12.3 BALANCING THE REDOX REACTIONS BY ION-ELECTRON METHOD

            This method of balancing redox reactions involve following steps:

• For each redox reaction, deduce the oxidation state of the elements that are undergoing oxidation and reduction.

• Separate the reactants and products into two half-reactions involving the elements that change their oxidation state. Write the skeletal equations for each half-reactions.

• Balance each half-reaction separately involving given steps

1. First balance the atoms of the element undergoing oxidation or reduction.

2. Then balance atoms the elements other than hydrogen and oxygen.

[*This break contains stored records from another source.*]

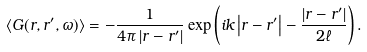<formula> <loc_0><loc_0><loc_500><loc_500>\langle G ( r , r ^ { \prime } , \omega ) \rangle = - \frac { 1 } { 4 \pi \left | r - r ^ { \prime } \right | } \exp \left ( i k \left | r - r ^ { \prime } \right | - \frac { \left | r - r ^ { \prime } \right | } { 2 \ell } \right ) .</formula> 
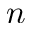Convert formula to latex. <formula><loc_0><loc_0><loc_500><loc_500>n</formula> 
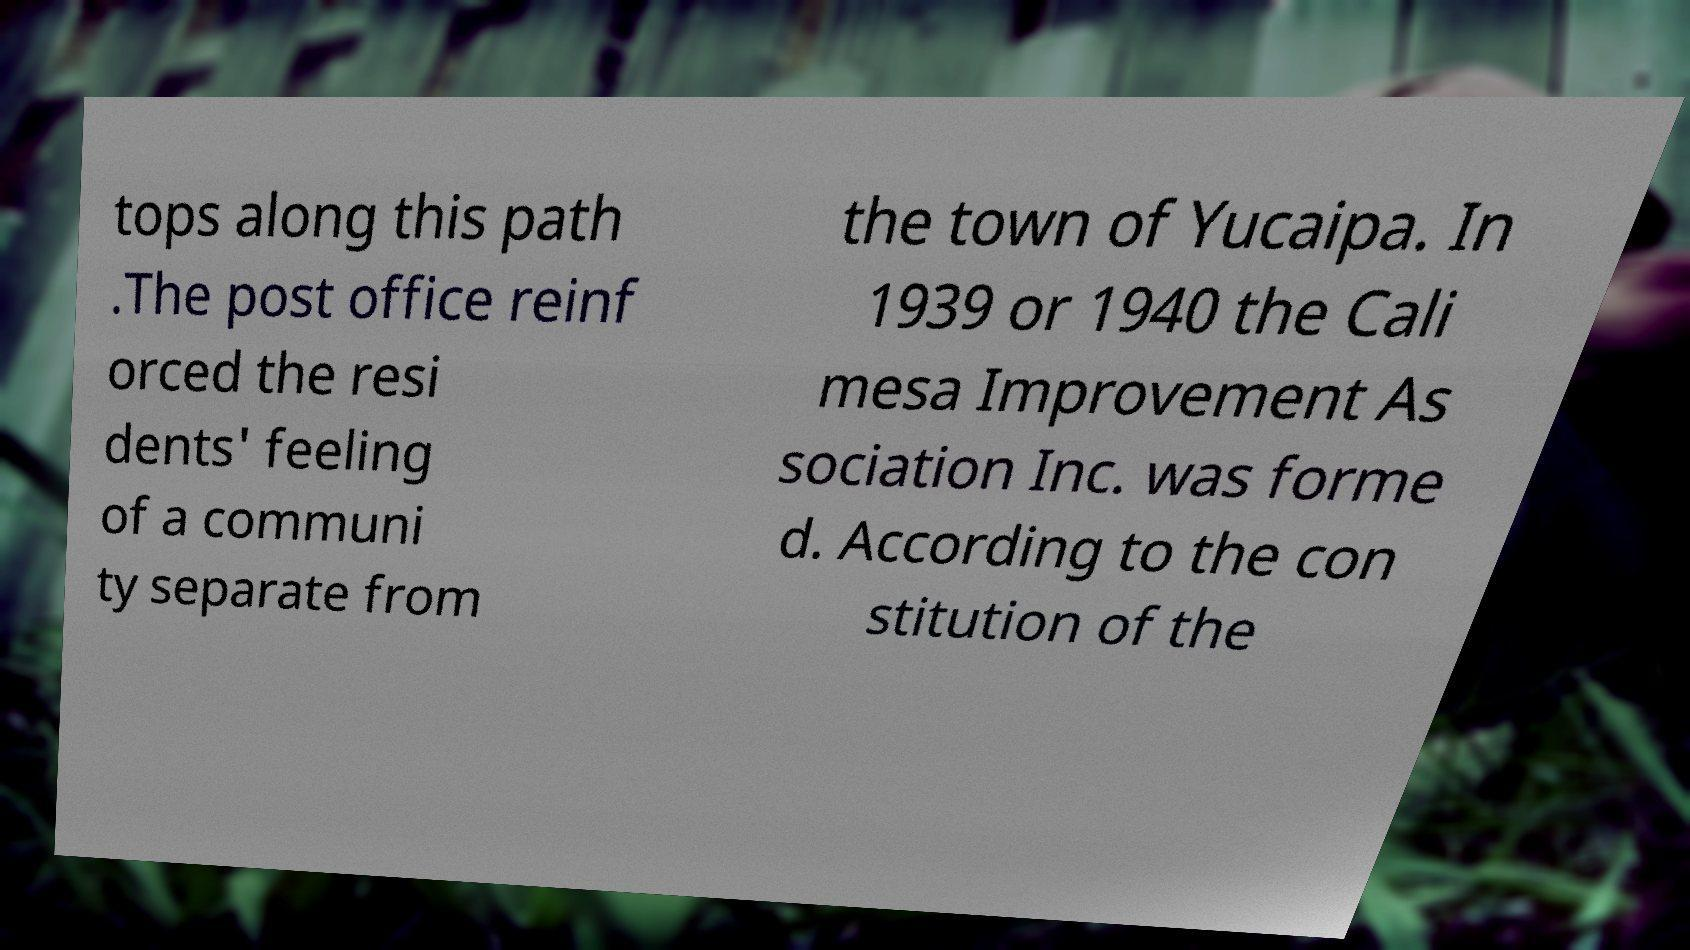Could you assist in decoding the text presented in this image and type it out clearly? tops along this path .The post office reinf orced the resi dents' feeling of a communi ty separate from the town of Yucaipa. In 1939 or 1940 the Cali mesa Improvement As sociation Inc. was forme d. According to the con stitution of the 
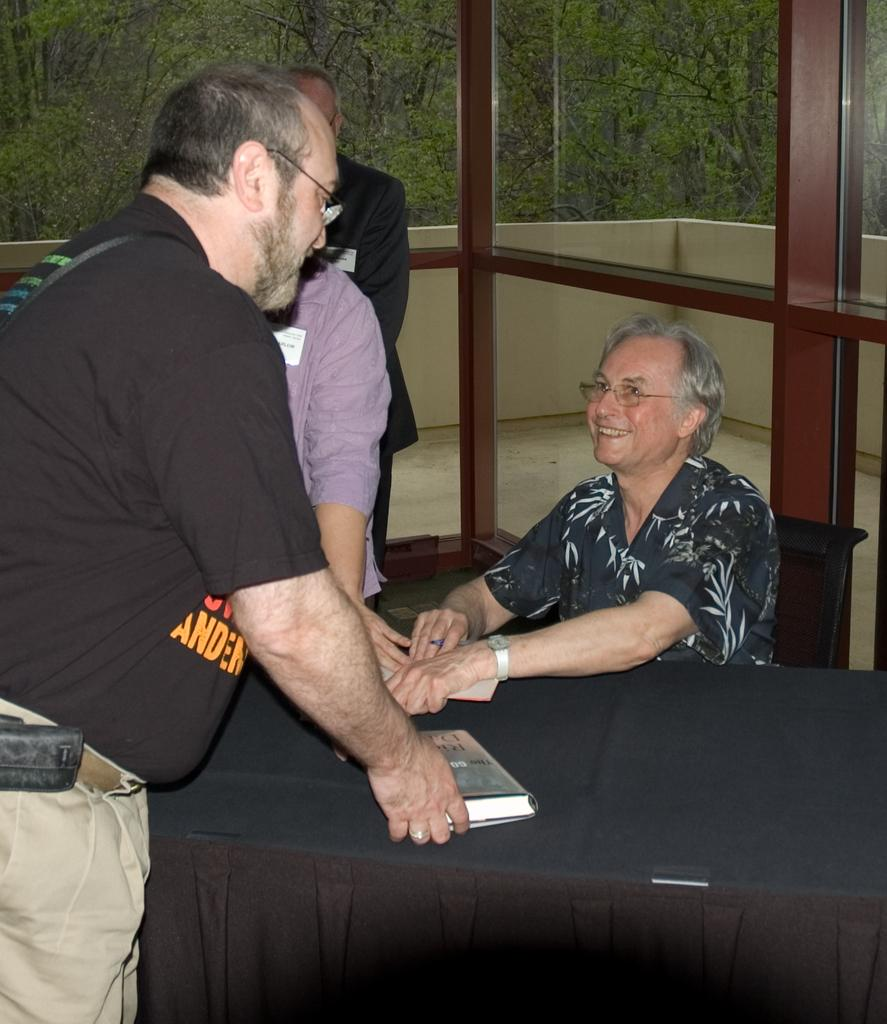How many people are in the image? There are two people in the image. What are the positions of the people in the image? One person is sitting on a table, and the other person is sitting on a chair. What can be seen in the background of the image? There are trees visible in the image. What type of mint can be seen growing near the trees in the image? There is no mint visible in the image, as it only features two people and trees in the background. 
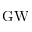Convert formula to latex. <formula><loc_0><loc_0><loc_500><loc_500>G W</formula> 
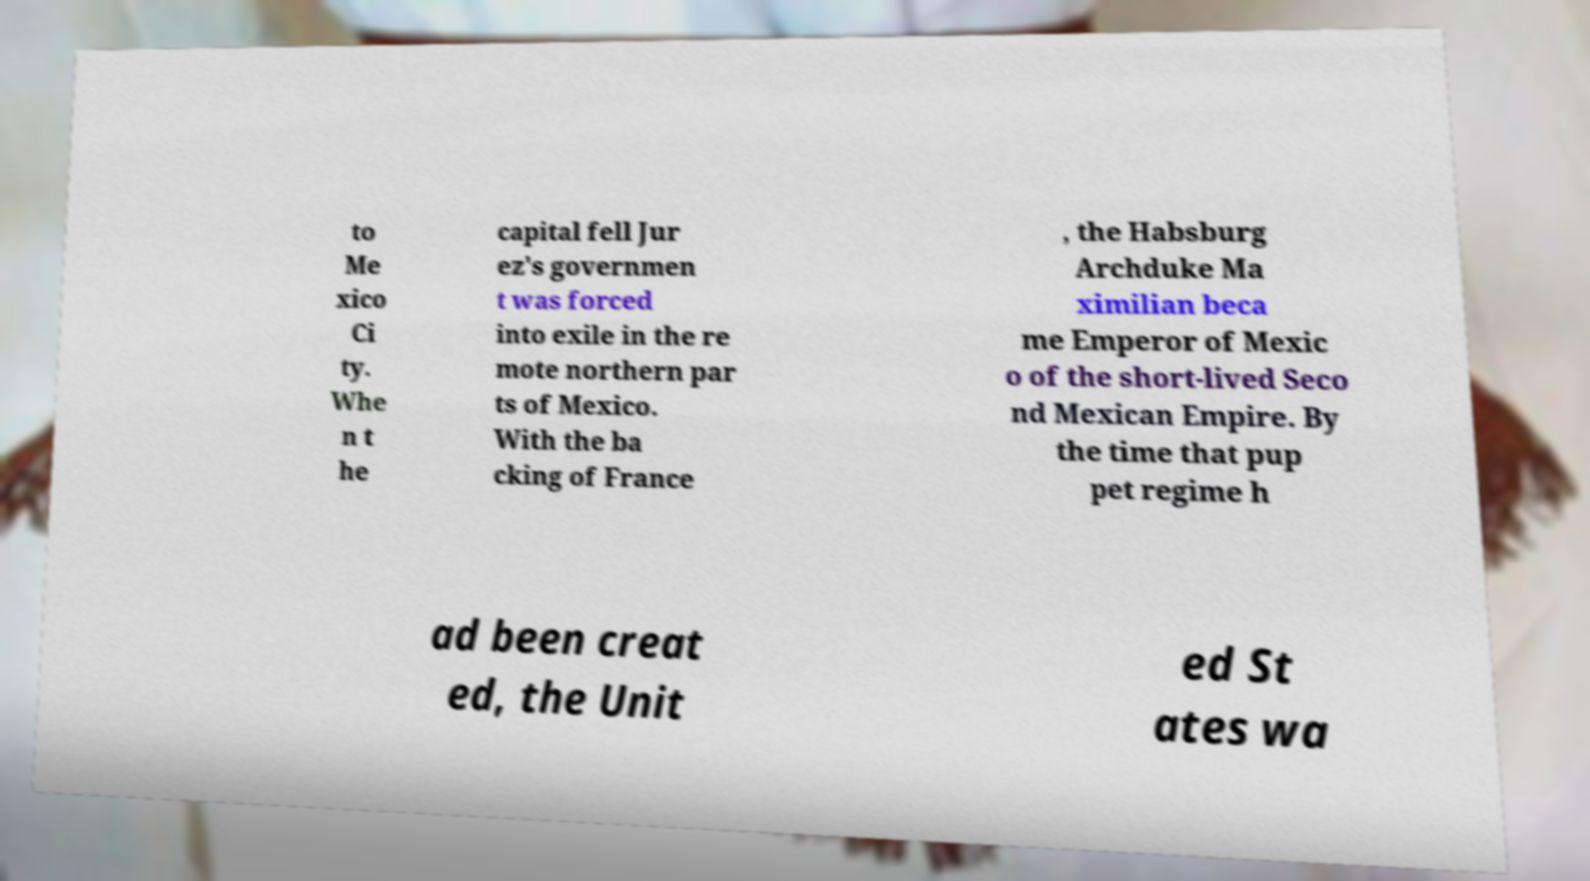There's text embedded in this image that I need extracted. Can you transcribe it verbatim? to Me xico Ci ty. Whe n t he capital fell Jur ez's governmen t was forced into exile in the re mote northern par ts of Mexico. With the ba cking of France , the Habsburg Archduke Ma ximilian beca me Emperor of Mexic o of the short-lived Seco nd Mexican Empire. By the time that pup pet regime h ad been creat ed, the Unit ed St ates wa 
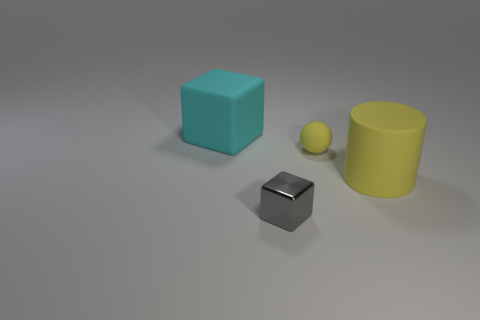Add 1 matte things. How many objects exist? 5 Subtract all spheres. How many objects are left? 3 Subtract all matte things. Subtract all tiny red matte balls. How many objects are left? 1 Add 4 tiny gray metal things. How many tiny gray metal things are left? 5 Add 2 tiny metallic objects. How many tiny metallic objects exist? 3 Subtract 0 yellow blocks. How many objects are left? 4 
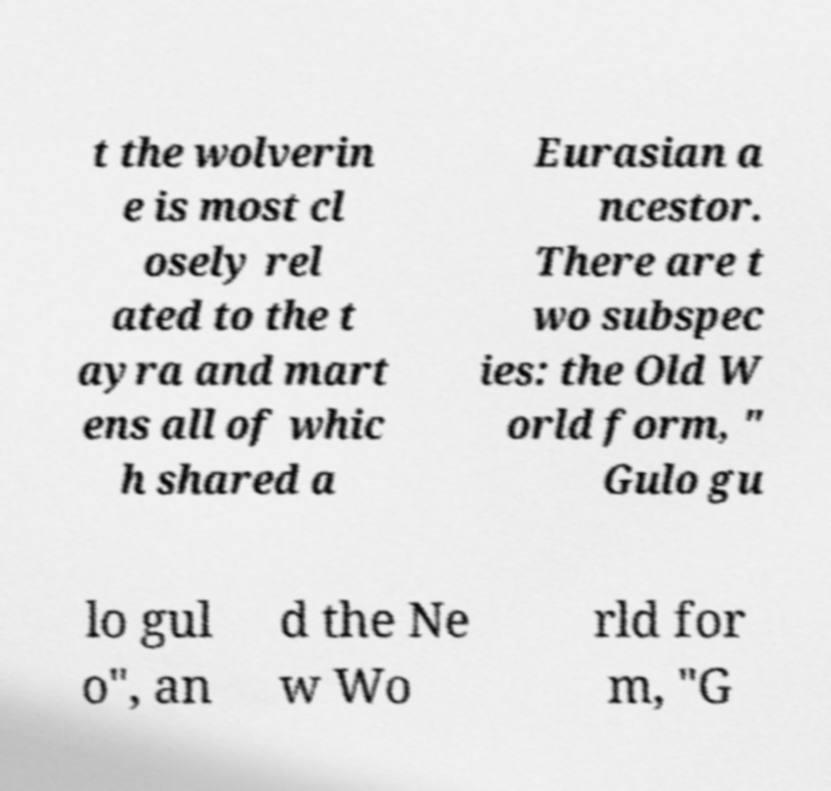Please identify and transcribe the text found in this image. t the wolverin e is most cl osely rel ated to the t ayra and mart ens all of whic h shared a Eurasian a ncestor. There are t wo subspec ies: the Old W orld form, " Gulo gu lo gul o", an d the Ne w Wo rld for m, "G

3. For balancing oxygen atoms in acidic or neutral medium, add suitable number of H₂O molecules to the side deficient in O while in alkaline medium, add equal number of H₂O molecules as the excess of O on the side having excess of O atoms and add double the number of OH^- ions on the opposite side of the equation.

4. In order to balance the hydrogen atoms in acidic or neutral medium, add required number of H⁺ to the side deficient in H while in alkaline medium , add equal number of OH^- ions as the excess number of H atoms on the side having excess H and equal number of H₂O molecules on the opposite side of the equation.

•  Multiply each half-raction by suitable integer to make the number of electrons lost and gained same and add both the half-equations to get a completely balanced reaction.